## Missing values
By the end of this lecture you will be able to:
- identify missing values in a `DataFrame`
- count the number of missing values in a column
- find and drop `null` or non-`null` values

In [2]:
import polars as pl
import polars.selectors as cs

In [17]:
csv_file = '../../Files/Sample_Superstore.csv'

df = pl.read_csv(csv_file)


> In Pandas a missing value can be represented with a `null`,`NaN` or `None` value depending on the dtype of the column. Polars also allows `NaN` values for floating point columns to represent non-numberic values (e.g. where division by zero has occurred). This use of `NaN` is distinct from missing values. 

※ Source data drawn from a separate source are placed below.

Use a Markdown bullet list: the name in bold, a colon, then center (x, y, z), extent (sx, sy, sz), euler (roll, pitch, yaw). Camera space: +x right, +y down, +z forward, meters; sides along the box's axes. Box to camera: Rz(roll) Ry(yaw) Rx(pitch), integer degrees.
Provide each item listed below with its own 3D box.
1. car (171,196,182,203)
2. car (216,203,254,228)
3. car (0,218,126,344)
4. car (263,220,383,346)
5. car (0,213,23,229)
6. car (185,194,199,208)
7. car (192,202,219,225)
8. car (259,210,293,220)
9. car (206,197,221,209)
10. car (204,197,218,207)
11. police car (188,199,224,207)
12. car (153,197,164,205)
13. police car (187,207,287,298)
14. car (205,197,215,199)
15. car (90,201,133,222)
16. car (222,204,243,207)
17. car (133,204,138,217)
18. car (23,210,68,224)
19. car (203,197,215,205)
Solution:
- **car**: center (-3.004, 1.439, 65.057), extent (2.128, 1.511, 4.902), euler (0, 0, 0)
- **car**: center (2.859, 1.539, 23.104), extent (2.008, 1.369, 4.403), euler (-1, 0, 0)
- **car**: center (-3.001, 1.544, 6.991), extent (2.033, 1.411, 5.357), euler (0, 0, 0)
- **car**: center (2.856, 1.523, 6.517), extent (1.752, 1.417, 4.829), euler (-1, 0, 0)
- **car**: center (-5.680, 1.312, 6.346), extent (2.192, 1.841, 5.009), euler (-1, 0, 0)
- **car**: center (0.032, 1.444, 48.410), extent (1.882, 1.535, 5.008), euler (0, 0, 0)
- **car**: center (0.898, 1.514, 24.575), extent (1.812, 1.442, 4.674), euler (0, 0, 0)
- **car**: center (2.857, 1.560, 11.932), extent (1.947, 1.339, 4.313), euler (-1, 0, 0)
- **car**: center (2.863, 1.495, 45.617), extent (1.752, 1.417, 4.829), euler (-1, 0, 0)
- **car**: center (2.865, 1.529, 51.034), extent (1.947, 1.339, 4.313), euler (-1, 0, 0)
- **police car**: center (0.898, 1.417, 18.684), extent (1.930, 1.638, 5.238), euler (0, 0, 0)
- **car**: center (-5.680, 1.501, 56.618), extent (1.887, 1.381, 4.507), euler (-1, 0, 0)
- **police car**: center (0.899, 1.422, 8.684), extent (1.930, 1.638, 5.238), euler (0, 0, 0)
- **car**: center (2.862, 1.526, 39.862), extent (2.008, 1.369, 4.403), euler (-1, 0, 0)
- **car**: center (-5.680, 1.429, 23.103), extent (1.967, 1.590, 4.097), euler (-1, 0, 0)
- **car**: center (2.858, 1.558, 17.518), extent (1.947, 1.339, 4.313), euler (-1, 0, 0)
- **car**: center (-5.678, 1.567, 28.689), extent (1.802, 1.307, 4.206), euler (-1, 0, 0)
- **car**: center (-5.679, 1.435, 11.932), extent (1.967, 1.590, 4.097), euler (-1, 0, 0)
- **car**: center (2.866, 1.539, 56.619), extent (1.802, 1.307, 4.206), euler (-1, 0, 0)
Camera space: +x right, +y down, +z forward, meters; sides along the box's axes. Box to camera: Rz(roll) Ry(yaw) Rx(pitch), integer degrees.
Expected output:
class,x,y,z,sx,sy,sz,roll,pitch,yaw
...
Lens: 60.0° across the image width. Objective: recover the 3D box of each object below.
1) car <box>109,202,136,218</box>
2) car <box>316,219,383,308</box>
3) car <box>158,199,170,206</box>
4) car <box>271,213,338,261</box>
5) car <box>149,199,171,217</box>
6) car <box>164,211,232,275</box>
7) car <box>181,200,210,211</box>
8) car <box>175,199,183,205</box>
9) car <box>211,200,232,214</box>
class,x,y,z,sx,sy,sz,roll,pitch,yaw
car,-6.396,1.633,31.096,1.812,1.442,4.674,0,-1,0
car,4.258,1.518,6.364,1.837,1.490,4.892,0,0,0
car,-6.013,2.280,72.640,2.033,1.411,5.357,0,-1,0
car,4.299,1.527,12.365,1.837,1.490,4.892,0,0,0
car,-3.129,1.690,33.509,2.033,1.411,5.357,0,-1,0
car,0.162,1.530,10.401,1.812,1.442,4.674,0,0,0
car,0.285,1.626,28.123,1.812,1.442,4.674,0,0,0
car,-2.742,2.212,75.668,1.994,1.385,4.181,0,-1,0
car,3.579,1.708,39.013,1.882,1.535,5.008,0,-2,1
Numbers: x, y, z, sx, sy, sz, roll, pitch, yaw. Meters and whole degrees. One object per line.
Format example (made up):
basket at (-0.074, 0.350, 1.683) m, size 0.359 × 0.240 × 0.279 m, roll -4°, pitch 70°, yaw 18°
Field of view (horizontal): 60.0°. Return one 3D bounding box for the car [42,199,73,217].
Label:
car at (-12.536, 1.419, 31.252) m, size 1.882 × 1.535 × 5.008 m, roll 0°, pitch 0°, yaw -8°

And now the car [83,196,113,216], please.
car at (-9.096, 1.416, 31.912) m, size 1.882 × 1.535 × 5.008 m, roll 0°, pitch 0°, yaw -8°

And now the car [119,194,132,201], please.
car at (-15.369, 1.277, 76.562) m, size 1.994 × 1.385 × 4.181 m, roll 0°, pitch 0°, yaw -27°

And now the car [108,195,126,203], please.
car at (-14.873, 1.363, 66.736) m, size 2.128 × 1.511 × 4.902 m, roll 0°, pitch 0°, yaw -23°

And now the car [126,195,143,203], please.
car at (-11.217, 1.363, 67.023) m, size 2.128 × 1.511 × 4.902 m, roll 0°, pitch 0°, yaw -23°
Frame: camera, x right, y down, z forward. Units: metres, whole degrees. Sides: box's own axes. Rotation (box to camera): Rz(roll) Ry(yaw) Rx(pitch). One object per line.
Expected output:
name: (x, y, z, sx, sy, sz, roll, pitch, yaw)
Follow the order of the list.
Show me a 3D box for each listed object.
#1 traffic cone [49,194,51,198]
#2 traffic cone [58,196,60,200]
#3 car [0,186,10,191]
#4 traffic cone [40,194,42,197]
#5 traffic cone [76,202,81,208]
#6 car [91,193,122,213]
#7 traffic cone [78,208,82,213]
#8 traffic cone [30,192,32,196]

### Metadata on `null` values
Polars stores metadata about `null` values for each column in a `DataFrame`.

#### Null count
Polars stores a count of how many `null` values there are. We can access this with the `null_count` method on a single column or on all the columns

In [6]:
df.null_count()

Row_ID,Order_ID,Order_Date,Ship_Date,Ship_Mode,Customer_ID,Customer_Name,Segment,Country,City,State,Postal_Code,Region,Product_ID,Category,Sub_Category,Product_Name,Sales,Quantity,Discount,Profit,Is_Return
u32,u32,u32,u32,u32,u32,u32,u32,u32,u32,u32,u32,u32,u32,u32,u32,u32,u32,u32,u32,u32,u32
0,0,2,6,1,0,1,0,0,0,1,0,0,0,8,3,0,0,0,0,0,4


Polars keeps track of the `null_count` at all times so this is a cheap operation regardless of the size of the column.

### Finding `null` values

We use the `is_null` expression to find out each value is `null` for the converse

In [10]:
(
    df
    .select(
        [
            pl.col("Customer_Name"),
            pl.col("Category").is_null().alias("Category_is_null"),
            pl.col("Region").is_null().alias("Region_is_null")
        ]
    ).head()
)

Customer_Name,Category_is_null,Region_is_null
str,bool,bool
"""Claire Gute""",False,False
"""Claire Gute""",False,False
"""Darrin Van Huff""",False,False
"""Sean O'Donnell""",False,False
"""Sean O'Donnell""",False,False


### Filtering by `null` values

#### Filtering on a single column
We can use these methods to filter by `null` values on a single column.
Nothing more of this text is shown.